= Cartier Women's Initiative =

Entrepreneurship program

Cartier Women's Initiative is an annual international entrepreneurship program created in 2006 by the French luxury goods maker Cartier (jeweler). The initiative aims to drive change by empowering women impact entrepreneurs. It is open to women led and owned business from any nation and sector that demonstrate a strong, sustainable social or environmental impact.

== History ==
The initiative was established in 2006 through a tripartite collaboration involving Cartier (jeweler), the international management consulting firm McKinsey & Company, and the INSEAD international business school. The program was designed to target discrepancies in international venture capital, where women entrepreneurs encounter substantial barriers in closing early-stage seed round funding.

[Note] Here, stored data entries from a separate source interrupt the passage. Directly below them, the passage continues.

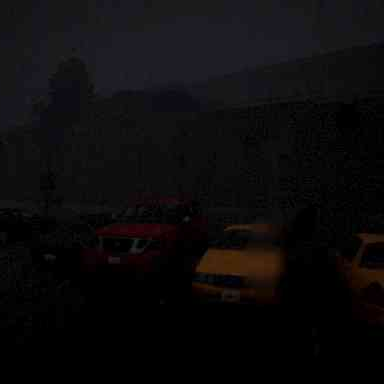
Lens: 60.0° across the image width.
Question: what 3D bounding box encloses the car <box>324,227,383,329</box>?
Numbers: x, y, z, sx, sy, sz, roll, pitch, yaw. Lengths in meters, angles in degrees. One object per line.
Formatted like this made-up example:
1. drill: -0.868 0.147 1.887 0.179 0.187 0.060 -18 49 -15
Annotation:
1. car: 3.918 1.485 6.901 1.946 1.575 5.366 0 -1 16

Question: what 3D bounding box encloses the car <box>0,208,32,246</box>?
1. car: -8.346 1.501 15.433 2.097 1.535 5.008 0 -1 16

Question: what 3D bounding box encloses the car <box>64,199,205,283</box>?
1. car: -1.012 1.236 10.181 2.435 2.045 5.566 1 -1 15

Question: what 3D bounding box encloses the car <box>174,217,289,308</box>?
1. car: 1.383 1.479 8.283 1.946 1.575 5.366 1 -1 16

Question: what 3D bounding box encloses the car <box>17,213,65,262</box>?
1. car: -3.459 1.519 11.922 2.163 1.488 4.792 0 -1 15
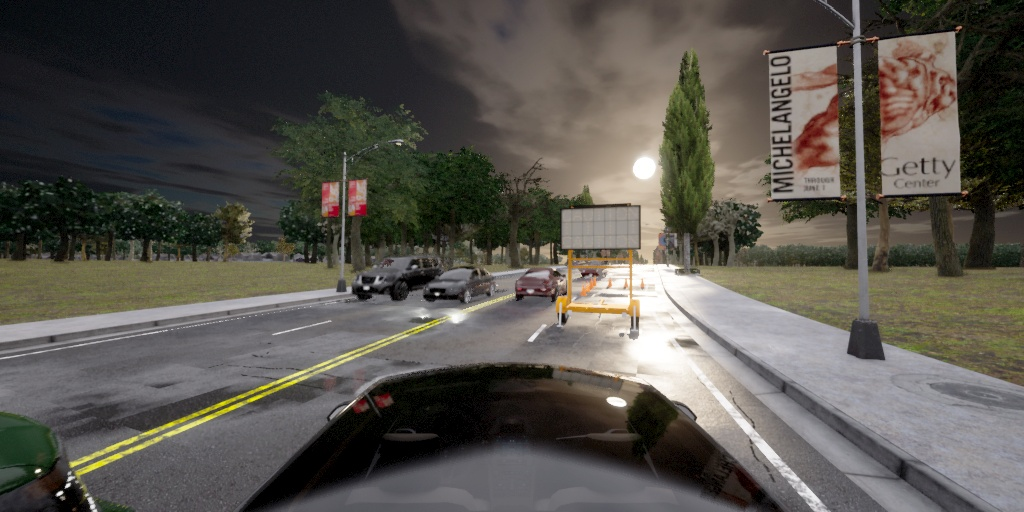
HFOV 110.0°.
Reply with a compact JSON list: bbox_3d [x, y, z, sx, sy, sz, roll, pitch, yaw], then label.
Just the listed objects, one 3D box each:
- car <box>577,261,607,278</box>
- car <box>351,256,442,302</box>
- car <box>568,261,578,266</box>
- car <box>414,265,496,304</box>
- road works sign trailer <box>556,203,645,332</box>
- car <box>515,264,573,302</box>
[{"bbox_3d":[7.813,1.377,33.828,1.895,1.301,4.718,0,0,22],"label":"car"},{"bbox_3d":[-5.323,1.003,17.794,2.150,2.045,5.566,0,0,18],"label":"car"},{"bbox_3d":[10.062,1.425,57.644,1.994,1.385,4.181,0,0,22],"label":"car"},{"bbox_3d":[-2.262,1.275,16.637,1.837,1.490,4.892,0,0,18],"label":"car"},{"bbox_3d":[2.739,0.214,11.133,2.380,3.560,2.880,0,0,18],"label":"road works sign trailer"},{"bbox_3d":[1.502,1.285,17.043,1.812,1.442,4.674,0,0,18],"label":"car"}]
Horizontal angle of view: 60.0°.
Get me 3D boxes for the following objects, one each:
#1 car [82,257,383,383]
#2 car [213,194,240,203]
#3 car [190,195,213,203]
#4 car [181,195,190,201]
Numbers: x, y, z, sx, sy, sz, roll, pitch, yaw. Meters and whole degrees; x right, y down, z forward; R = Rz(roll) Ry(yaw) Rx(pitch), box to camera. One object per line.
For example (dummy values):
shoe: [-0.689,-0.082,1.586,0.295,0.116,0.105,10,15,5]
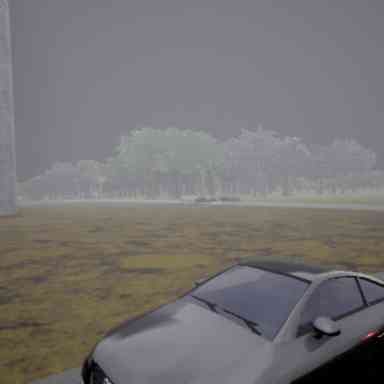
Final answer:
car: [0.968,1.522,3.754,4.181,1.385,1.994,-1,1,-35]
car: [6.628,1.105,60.436,2.128,1.511,4.902,-3,1,-35]
car: [2.437,1.306,61.473,2.033,1.411,5.357,-3,1,-35]
car: [-0.325,1.250,70.112,1.895,1.301,4.718,-3,1,-36]

Over its two decades of operation, the program expanded from its foundational baseline of five regional categories to nine distinct geographic regions. In 2021, the initiative introduced its first thematic categories to incorporate technical innovations outside of regional boundaries. To mark its 2 decade anniversary in 2026, the program relocated its annual awards summit to Bangkok, Thailand, selecting a cohort of 30 global fellows.

== Prize money ==
The funding structure consists of non-dilutive cash grants distributed to the top three finalists across each of the 9 regional categories and 1 thematic award, comprising a total cohort of 30 fellows annually.

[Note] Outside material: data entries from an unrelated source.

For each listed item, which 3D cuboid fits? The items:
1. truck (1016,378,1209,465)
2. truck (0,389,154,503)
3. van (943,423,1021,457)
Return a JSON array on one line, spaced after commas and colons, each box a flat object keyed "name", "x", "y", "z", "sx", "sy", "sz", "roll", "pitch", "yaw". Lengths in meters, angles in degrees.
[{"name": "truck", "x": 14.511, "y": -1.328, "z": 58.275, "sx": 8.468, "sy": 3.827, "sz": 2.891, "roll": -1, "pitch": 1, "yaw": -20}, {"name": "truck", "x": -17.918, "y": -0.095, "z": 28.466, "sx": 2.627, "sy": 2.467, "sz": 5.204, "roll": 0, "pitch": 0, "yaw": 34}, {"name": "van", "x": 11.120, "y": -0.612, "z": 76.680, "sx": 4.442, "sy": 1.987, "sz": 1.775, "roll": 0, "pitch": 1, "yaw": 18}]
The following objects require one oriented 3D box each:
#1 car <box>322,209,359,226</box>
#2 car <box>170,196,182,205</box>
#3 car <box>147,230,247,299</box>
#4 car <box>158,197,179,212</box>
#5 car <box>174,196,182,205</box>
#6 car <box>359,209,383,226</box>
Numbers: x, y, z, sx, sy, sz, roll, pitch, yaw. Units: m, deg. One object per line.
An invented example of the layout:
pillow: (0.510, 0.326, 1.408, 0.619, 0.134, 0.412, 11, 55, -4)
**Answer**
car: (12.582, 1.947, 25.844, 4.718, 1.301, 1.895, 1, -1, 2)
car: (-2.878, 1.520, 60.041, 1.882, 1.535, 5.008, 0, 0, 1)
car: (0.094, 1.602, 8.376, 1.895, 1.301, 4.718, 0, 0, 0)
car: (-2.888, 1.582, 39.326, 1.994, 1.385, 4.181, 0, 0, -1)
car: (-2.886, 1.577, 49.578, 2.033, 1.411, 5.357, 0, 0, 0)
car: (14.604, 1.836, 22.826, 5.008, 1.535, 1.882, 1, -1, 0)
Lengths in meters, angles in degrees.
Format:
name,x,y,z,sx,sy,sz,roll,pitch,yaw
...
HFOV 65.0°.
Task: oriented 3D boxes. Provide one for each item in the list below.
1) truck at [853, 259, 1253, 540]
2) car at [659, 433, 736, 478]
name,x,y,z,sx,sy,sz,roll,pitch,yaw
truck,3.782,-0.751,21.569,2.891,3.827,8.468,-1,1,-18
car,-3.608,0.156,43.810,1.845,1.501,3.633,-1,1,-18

Financial rewards are categorized by final placement within each category, amounting to a total of 1.9 million USD.

- First-place awardees: USD 100,000 grant
- Second-place awardees: USD 60,000 grant
- Third-place awardees: USD 30,000 grant

== Notable fellows ==
The initiative has supported over 330 impact entrepreneurs since its inception. Notable fellows and laureates recognized by the program include:

- Ann Kihengu (2010 Africa Laureate) - Tanzanian energy distribution entrepreneur and founder of Pamoja Life, recognized for expanding solar energy and clean cookstove access in rural East Africa.
- Lianna Gunawan (2012 Asia-Pacific Laureate) - Indonesian footwear supply-chain executive and founder of Amanda Niaria, noted for introducing ethical manufacturing and community-based artisan sourcing to commercial footwear.
- Chinwe Ohajuruka (2015 Africa Laureate) - Nigerian green architect and founder of Comprehensive Design Services, specialized in producing affordable, solar-powered, and water-self-sufficient housing models for displaced populations.
- Temie Giwa-Tubosun (2020 Sub-Saharan Africa Fellow) - Nigerian health logistics pioneer and founder of LifeBank, a medical distribution company using tech and cold-chain infrastructure to deliver blood, oxygen, and vaccines to hospitals across Africa.
- Basima Abdulrahman (2021 Middle East & North Africa Laureate) - Iraqi structural engineer and founder of Kesk, recognized for establishing Iraq's first green building and sustainable engineering consultancy to build solar-powered infrastructure.